§ **GOAL OF THE EXERCISE**
The records underneath are to be printed in full and exactly, with no pictures carried over.

[Stored entries]
--------

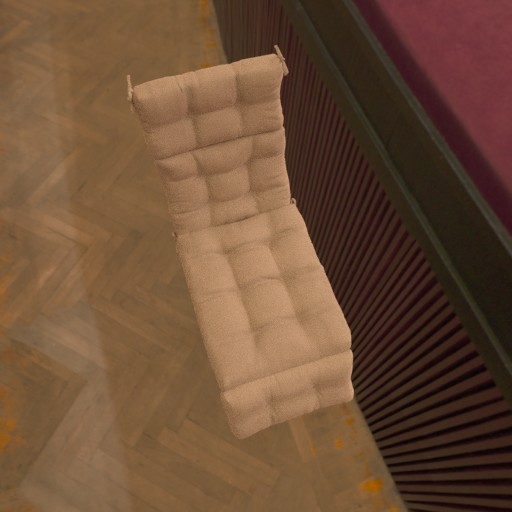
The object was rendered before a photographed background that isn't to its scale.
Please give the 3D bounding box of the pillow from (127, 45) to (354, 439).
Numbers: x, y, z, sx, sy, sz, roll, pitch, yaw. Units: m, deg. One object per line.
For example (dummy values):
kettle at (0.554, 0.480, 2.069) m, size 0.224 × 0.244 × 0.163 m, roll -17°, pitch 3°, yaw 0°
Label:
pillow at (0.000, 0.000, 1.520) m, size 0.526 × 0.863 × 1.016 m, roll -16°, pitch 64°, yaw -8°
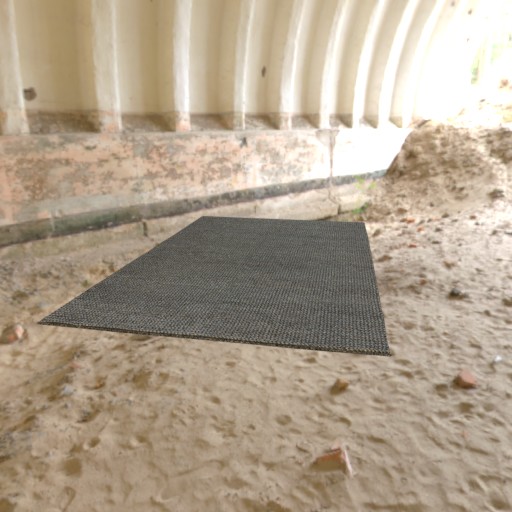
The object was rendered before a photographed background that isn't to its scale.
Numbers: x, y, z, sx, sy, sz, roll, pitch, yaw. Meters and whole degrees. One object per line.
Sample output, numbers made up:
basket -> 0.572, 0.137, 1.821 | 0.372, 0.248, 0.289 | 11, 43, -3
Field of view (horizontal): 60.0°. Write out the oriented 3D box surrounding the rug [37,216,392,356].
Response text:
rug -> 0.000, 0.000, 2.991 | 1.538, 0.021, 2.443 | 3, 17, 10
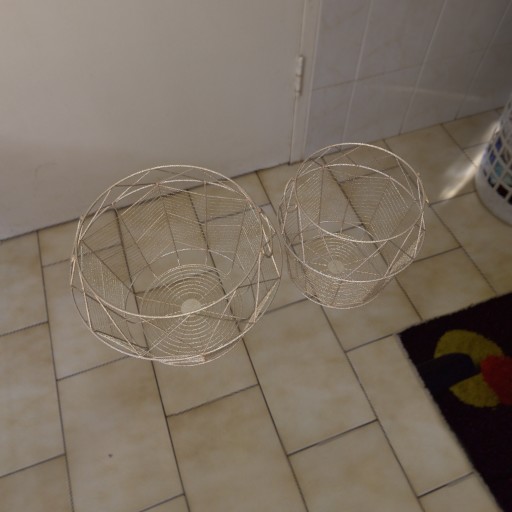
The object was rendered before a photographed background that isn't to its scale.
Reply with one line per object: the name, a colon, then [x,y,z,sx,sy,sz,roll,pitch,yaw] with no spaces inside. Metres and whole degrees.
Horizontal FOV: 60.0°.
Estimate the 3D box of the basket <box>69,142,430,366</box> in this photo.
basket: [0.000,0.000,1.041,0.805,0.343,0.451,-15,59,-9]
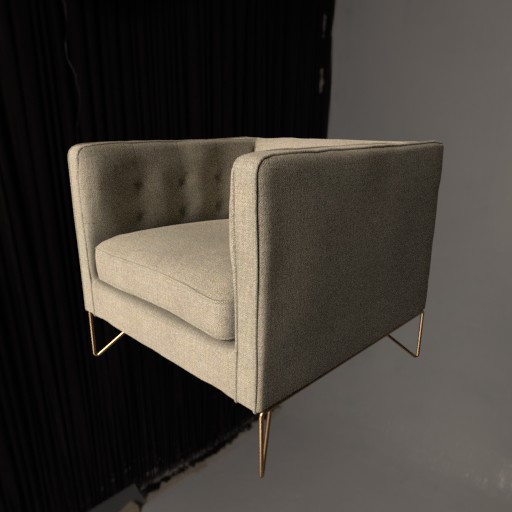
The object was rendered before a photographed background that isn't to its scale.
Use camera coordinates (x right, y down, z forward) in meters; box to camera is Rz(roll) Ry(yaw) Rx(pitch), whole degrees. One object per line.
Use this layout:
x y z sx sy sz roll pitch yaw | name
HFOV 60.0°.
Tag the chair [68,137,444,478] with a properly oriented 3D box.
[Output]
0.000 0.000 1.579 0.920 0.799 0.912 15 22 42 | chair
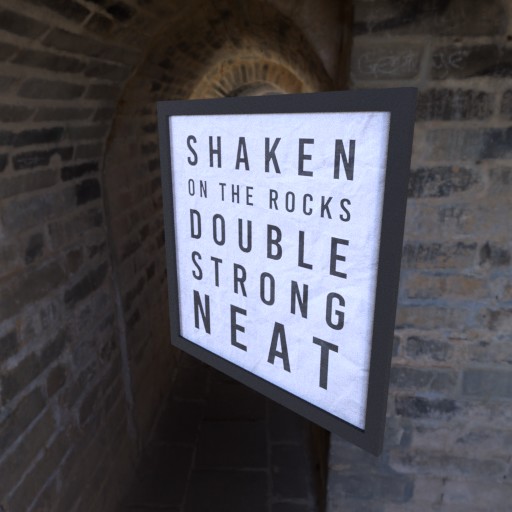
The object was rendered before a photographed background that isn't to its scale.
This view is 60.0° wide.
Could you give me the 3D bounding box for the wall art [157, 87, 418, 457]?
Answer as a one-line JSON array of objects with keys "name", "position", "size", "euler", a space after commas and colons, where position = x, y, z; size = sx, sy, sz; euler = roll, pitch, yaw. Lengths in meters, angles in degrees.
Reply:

--------

§ **REPLY**
The object was rendered before a photographed background that isn't to its scale.
Please give the 3D bounding box of the pillow from (127, 45) to (354, 439).
Numbers: x, y, z, sx, sy, sz, roll, pitch, yaw. Units: m, deg. One object per line.
For example (dummy values):
kettle at (0.554, 0.480, 2.069) m, size 0.224 × 0.244 × 0.163 m, roll -17°, pitch 3°, yaw 0°
Label:
pillow at (0.000, 0.000, 1.520) m, size 0.526 × 0.863 × 1.016 m, roll -16°, pitch 64°, yaw -8°
The object was rendered before a photographed background that isn't to its scale.
Numbers: x, y, z, sx, sy, sz, roll, pitch, yaw. Meters and whole degrees. One object per line.
Sample output, numbers made up:
basket -> 0.572, 0.137, 1.821 | 0.372, 0.248, 0.289 | 11, 43, -3
Field of view (horizontal): 60.0°. Write out the oriented 3D box surrounding the rug [37,216,392,356].
Response text:
rug -> 0.000, 0.000, 2.991 | 1.538, 0.021, 2.443 | 3, 17, 10
The object was rendered before a photographed background that isn't to its scale.
Reply with one line per object: the name, a colon, then [x,y,z,sx,sy,sz,roll,pitch,yaw] with no spaces inside. Metres and whole degrees.
Horizontal FOV: 60.0°.
Estimate the 3D box of the basket <box>69,142,430,366</box> in this photo.
basket: [0.000,0.000,1.041,0.805,0.343,0.451,-15,59,-9]
The object was rendered before a photographed background that isn't to its scale.
Use camera coordinates (x right, y down, z forward) in meters; box to camera is Rz(roll) Ry(yaw) Rx(pitch), whole degrees. One object per line.
Use this layout:
x y z sx sy sz roll pitch yaw | name
HFOV 60.0°.
Tag the chair [68,137,444,478] with a properly oriented 3D box.
[Output]
0.000 0.000 1.579 0.920 0.799 0.912 15 22 42 | chair
The object was rendered before a photographed background that isn't to its scale.
This view is 60.0° wide.
Could you give me the 3D bounding box for the wall art [157, 87, 418, 457]?
Answer as a one-line JSON array of objects with keys "name", "position", "size", "euler", a space after commas and colons, where position = x, y, z; size = sx, sy, sz; euler = roll, pitch, yaw. Lengths in meters, angles in degrees.
Reply:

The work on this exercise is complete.